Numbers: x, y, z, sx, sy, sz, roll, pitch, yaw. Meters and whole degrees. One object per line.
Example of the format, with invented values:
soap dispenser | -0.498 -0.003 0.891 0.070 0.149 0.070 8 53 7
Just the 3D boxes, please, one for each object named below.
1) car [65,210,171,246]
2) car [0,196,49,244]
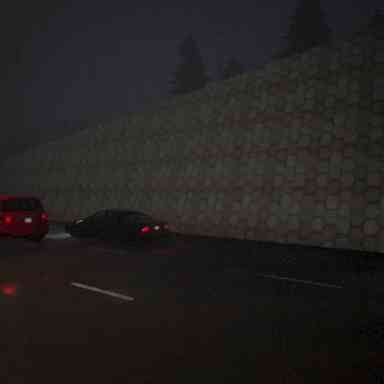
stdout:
car | -3.476 1.511 15.081 5.357 1.411 2.033 0 0 36
car | -8.474 1.172 14.350 5.566 2.045 2.150 0 0 36
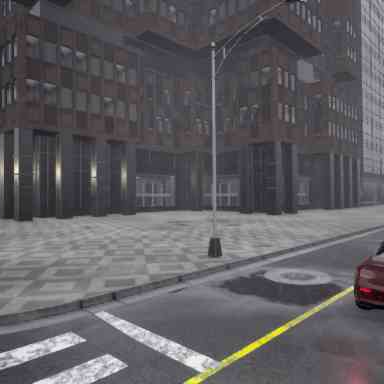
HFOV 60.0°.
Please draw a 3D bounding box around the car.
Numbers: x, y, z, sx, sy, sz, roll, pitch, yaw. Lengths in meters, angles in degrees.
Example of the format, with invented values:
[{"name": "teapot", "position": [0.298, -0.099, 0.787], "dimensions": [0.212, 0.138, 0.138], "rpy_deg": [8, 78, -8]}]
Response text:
[{"name": "car", "position": [4.838, 1.535, 6.820], "dimensions": [1.812, 1.442, 4.674], "rpy_deg": [-1, -1, 44]}]
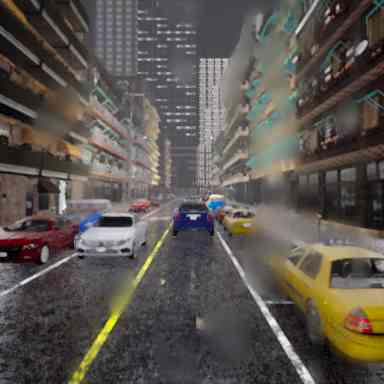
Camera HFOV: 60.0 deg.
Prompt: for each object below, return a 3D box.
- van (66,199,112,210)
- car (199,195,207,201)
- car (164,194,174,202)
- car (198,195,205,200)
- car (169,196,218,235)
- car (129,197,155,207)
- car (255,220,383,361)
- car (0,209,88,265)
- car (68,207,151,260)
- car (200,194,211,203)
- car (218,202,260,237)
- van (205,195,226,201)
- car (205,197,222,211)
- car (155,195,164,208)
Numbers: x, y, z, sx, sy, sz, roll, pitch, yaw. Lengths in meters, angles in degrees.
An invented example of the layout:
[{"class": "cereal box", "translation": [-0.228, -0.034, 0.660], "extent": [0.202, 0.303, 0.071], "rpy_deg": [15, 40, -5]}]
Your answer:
[{"class": "van", "translation": [-5.317, 1.285, 17.296], "extent": [1.690, 1.788, 3.998], "rpy_deg": [1, 0, 0]}, {"class": "car", "translation": [2.519, 1.391, 79.899], "extent": [1.802, 1.307, 4.206], "rpy_deg": [0, 0, 0]}, {"class": "car", "translation": [-5.352, 1.266, 68.506], "extent": [1.967, 1.590, 4.097], "rpy_deg": [0, 0, 0]}, {"class": "car", "translation": [2.512, 1.379, 91.277], "extent": [1.802, 1.307, 4.206], "rpy_deg": [0, 0, 0]}, {"class": "car", "translation": [0.081, 1.291, 18.362], "extent": [2.097, 1.767, 4.553], "rpy_deg": [0, 0, 0]}, {"class": "car", "translation": [-5.331, 1.443, 34.367], "extent": [1.887, 1.381, 4.507], "rpy_deg": [0, 0, 0]}, {"class": "car", "translation": [2.569, 1.503, 6.104], "extent": [1.752, 1.417, 4.829], "rpy_deg": [0, 0, 0]}, {"class": "car", "translation": [-5.316, 1.506, 11.608], "extent": [1.887, 1.381, 4.507], "rpy_deg": [1, 0, 0]}, {"class": "car", "translation": [-2.757, 1.483, 12.402], "extent": [1.812, 1.442, 4.674], "rpy_deg": [0, 0, 0]}, {"class": "car", "translation": [2.532, 1.274, 62.829], "extent": [1.967, 1.590, 4.097], "rpy_deg": [0, 0, 0]}, {"class": "car", "translation": [2.561, 1.467, 17.482], "extent": [1.752, 1.417, 4.829], "rpy_deg": [0, 0, 0]}, {"class": "van", "translation": [2.551, 1.237, 34.381], "extent": [1.690, 1.788, 3.998], "rpy_deg": [0, 0, 0]}, {"class": "car", "translation": [2.546, 1.407, 40.241], "extent": [1.752, 1.417, 4.829], "rpy_deg": [0, 0, 0]}, {"class": "car", "translation": [-5.338, 1.415, 45.747], "extent": [1.887, 1.381, 4.507], "rpy_deg": [0, 0, 0]}]

* * *

Task = Please print the material exactly as given above, omitting the pictures.

Problem solution =
Numbers: x, y, z, sx, sy, sz, roll, pitch, yaw. Meters and whole degrees. One object per line.
Example of the format, with invented values:
soap dispenser | -0.498 -0.003 0.891 0.070 0.149 0.070 8 53 7
Just the 3D boxes, please, one for each object named below.
1) car [65,210,171,246]
2) car [0,196,49,244]
stdout:
car | -3.476 1.511 15.081 5.357 1.411 2.033 0 0 36
car | -8.474 1.172 14.350 5.566 2.045 2.150 0 0 36
HFOV 60.0°.
Please draw a 3D bounding box around the car.
Numbers: x, y, z, sx, sy, sz, roll, pitch, yaw. Lengths in meters, angles in degrees.
Example of the format, with invented values:
[{"name": "teapot", "position": [0.298, -0.099, 0.787], "dimensions": [0.212, 0.138, 0.138], "rpy_deg": [8, 78, -8]}]
Response text:
[{"name": "car", "position": [4.838, 1.535, 6.820], "dimensions": [1.812, 1.442, 4.674], "rpy_deg": [-1, -1, 44]}]
Camera HFOV: 60.0 deg.
Prompt: for each object below, return a 3D box.
- van (66,199,112,210)
- car (199,195,207,201)
- car (164,194,174,202)
- car (198,195,205,200)
- car (169,196,218,235)
- car (129,197,155,207)
- car (255,220,383,361)
- car (0,209,88,265)
- car (68,207,151,260)
- car (200,194,211,203)
- car (218,202,260,237)
- van (205,195,226,201)
- car (205,197,222,211)
- car (155,195,164,208)
Numbers: x, y, z, sx, sy, sz, roll, pitch, yaw. Lengths in meters, angles in degrees.
An invented example of the layout:
[{"class": "cereal box", "translation": [-0.228, -0.034, 0.660], "extent": [0.202, 0.303, 0.071], "rpy_deg": [15, 40, -5]}]
Your answer:
[{"class": "van", "translation": [-5.317, 1.285, 17.296], "extent": [1.690, 1.788, 3.998], "rpy_deg": [1, 0, 0]}, {"class": "car", "translation": [2.519, 1.391, 79.899], "extent": [1.802, 1.307, 4.206], "rpy_deg": [0, 0, 0]}, {"class": "car", "translation": [-5.352, 1.266, 68.506], "extent": [1.967, 1.590, 4.097], "rpy_deg": [0, 0, 0]}, {"class": "car", "translation": [2.512, 1.379, 91.277], "extent": [1.802, 1.307, 4.206], "rpy_deg": [0, 0, 0]}, {"class": "car", "translation": [0.081, 1.291, 18.362], "extent": [2.097, 1.767, 4.553], "rpy_deg": [0, 0, 0]}, {"class": "car", "translation": [-5.331, 1.443, 34.367], "extent": [1.887, 1.381, 4.507], "rpy_deg": [0, 0, 0]}, {"class": "car", "translation": [2.569, 1.503, 6.104], "extent": [1.752, 1.417, 4.829], "rpy_deg": [0, 0, 0]}, {"class": "car", "translation": [-5.316, 1.506, 11.608], "extent": [1.887, 1.381, 4.507], "rpy_deg": [1, 0, 0]}, {"class": "car", "translation": [-2.757, 1.483, 12.402], "extent": [1.812, 1.442, 4.674], "rpy_deg": [0, 0, 0]}, {"class": "car", "translation": [2.532, 1.274, 62.829], "extent": [1.967, 1.590, 4.097], "rpy_deg": [0, 0, 0]}, {"class": "car", "translation": [2.561, 1.467, 17.482], "extent": [1.752, 1.417, 4.829], "rpy_deg": [0, 0, 0]}, {"class": "van", "translation": [2.551, 1.237, 34.381], "extent": [1.690, 1.788, 3.998], "rpy_deg": [0, 0, 0]}, {"class": "car", "translation": [2.546, 1.407, 40.241], "extent": [1.752, 1.417, 4.829], "rpy_deg": [0, 0, 0]}, {"class": "car", "translation": [-5.338, 1.415, 45.747], "extent": [1.887, 1.381, 4.507], "rpy_deg": [0, 0, 0]}]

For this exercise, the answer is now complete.